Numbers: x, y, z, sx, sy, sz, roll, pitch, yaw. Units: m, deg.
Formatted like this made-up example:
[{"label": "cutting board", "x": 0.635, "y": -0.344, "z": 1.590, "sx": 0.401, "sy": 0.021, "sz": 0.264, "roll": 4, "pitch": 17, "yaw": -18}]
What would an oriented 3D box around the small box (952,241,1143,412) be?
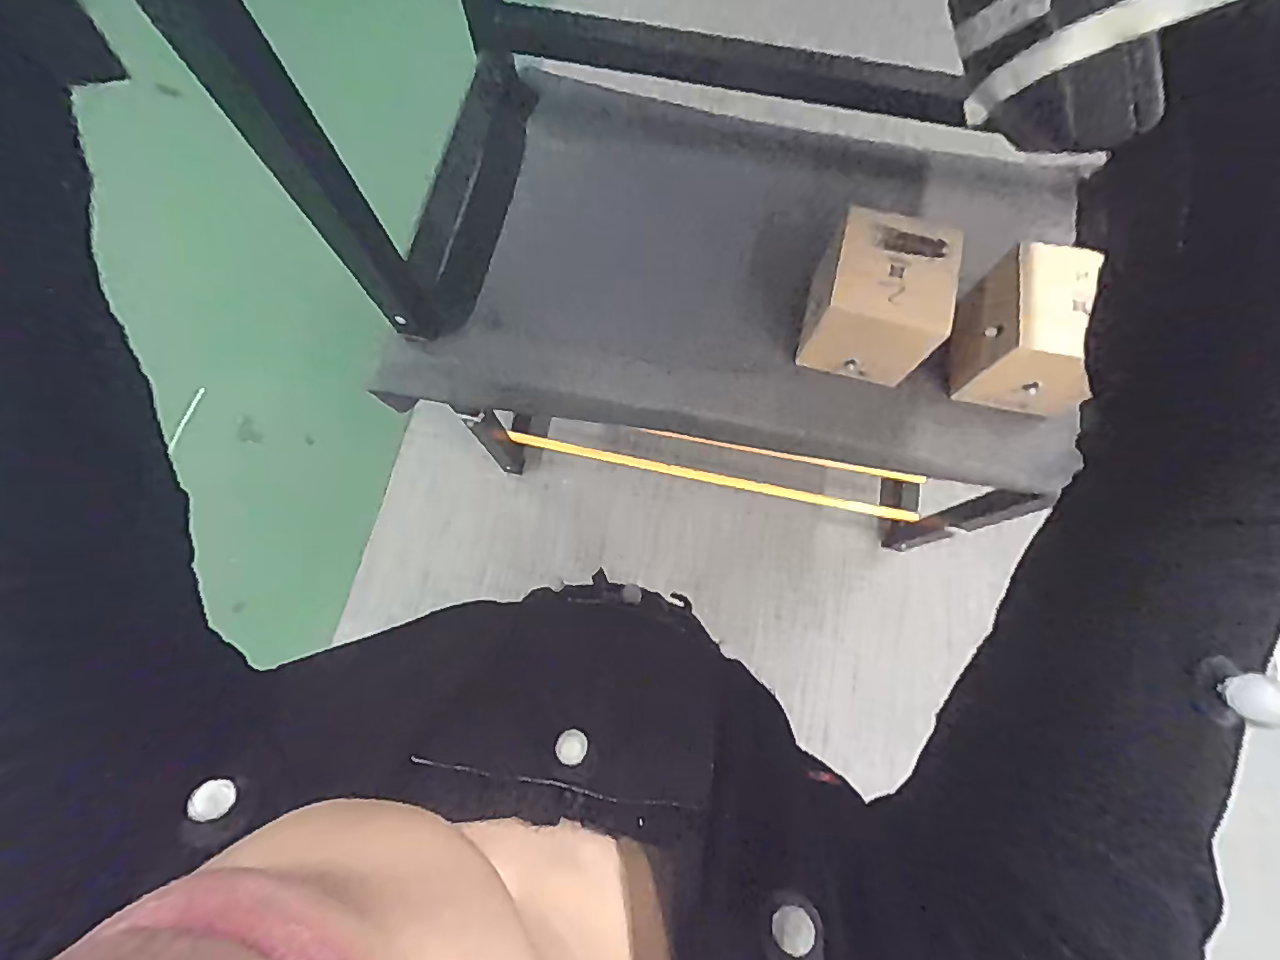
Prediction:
[{"label": "small box", "x": 0.597, "y": -0.220, "z": 0.813, "sx": 0.168, "sy": 0.176, "sz": 0.179, "roll": 11, "pitch": 73, "yaw": 2}]
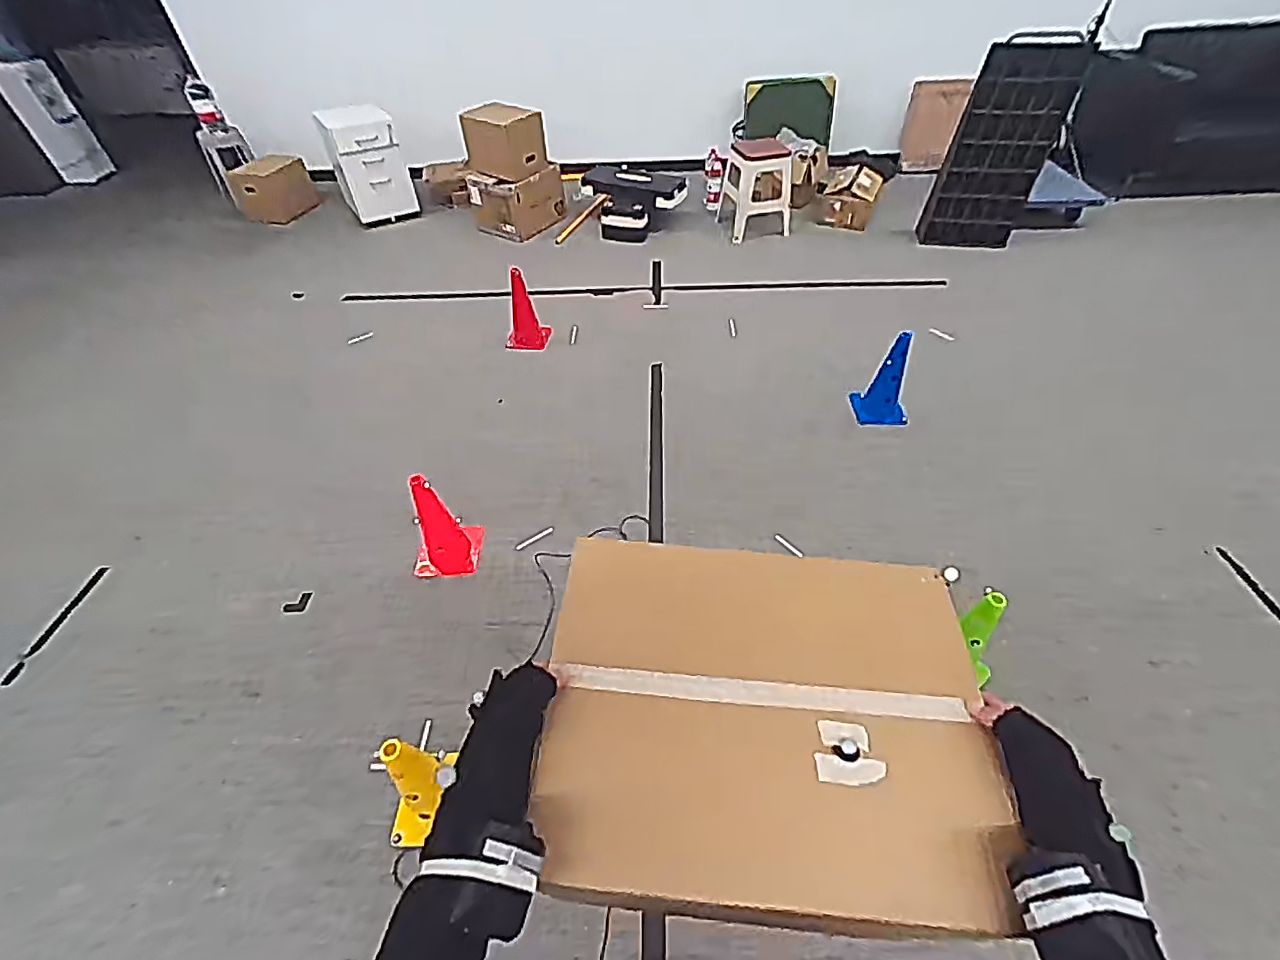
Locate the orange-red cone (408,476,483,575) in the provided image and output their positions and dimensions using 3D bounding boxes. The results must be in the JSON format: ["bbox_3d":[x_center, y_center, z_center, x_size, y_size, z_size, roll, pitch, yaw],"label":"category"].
[{"bbox_3d":[-0.644,0.120,1.693,0.198,0.360,0.199,-3,48,0],"label":"orange-red cone"}]

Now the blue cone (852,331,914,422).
[{"bbox_3d":[0.999,-0.421,2.154,0.192,0.380,0.193,2,47,3],"label":"blue cone"}]

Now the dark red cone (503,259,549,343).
[{"bbox_3d":[-0.565,-0.847,2.559,0.201,0.394,0.202,4,47,5],"label":"dark red cone"}]

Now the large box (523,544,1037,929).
[{"bbox_3d":[0.109,0.297,0.620,0.408,0.320,0.320,5,50,2],"label":"large box"}]

^^^^

→ **EXERCISE GOAL**:
Would you please write out the entries in full, exactly as they read, but without pictures?

→ **RESULT OF THIS TASK**:
Numbers: x, y, z, sx, sy, sz, roll, pitch, yaw. Units: m, deg.
Formatted like this made-up example:
[{"label": "cutting board", "x": 0.635, "y": -0.344, "z": 1.590, "sx": 0.401, "sy": 0.021, "sz": 0.264, "roll": 4, "pitch": 17, "yaw": -18}]
What would an oriented 3D box around the small box (952,241,1143,412) be?
Prediction:
[{"label": "small box", "x": 0.597, "y": -0.220, "z": 0.813, "sx": 0.168, "sy": 0.176, "sz": 0.179, "roll": 11, "pitch": 73, "yaw": 2}]
Locate the orange-red cone (408,476,483,575) in the provided image and output their positions and dimensions using 3D bounding boxes. The results must be in the JSON format: ["bbox_3d":[x_center, y_center, z_center, x_size, y_size, z_size, roll, pitch, yaw],"label":"category"].
[{"bbox_3d":[-0.644,0.120,1.693,0.198,0.360,0.199,-3,48,0],"label":"orange-red cone"}]

Now the blue cone (852,331,914,422).
[{"bbox_3d":[0.999,-0.421,2.154,0.192,0.380,0.193,2,47,3],"label":"blue cone"}]

Now the dark red cone (503,259,549,343).
[{"bbox_3d":[-0.565,-0.847,2.559,0.201,0.394,0.202,4,47,5],"label":"dark red cone"}]

Now the large box (523,544,1037,929).
[{"bbox_3d":[0.109,0.297,0.620,0.408,0.320,0.320,5,50,2],"label":"large box"}]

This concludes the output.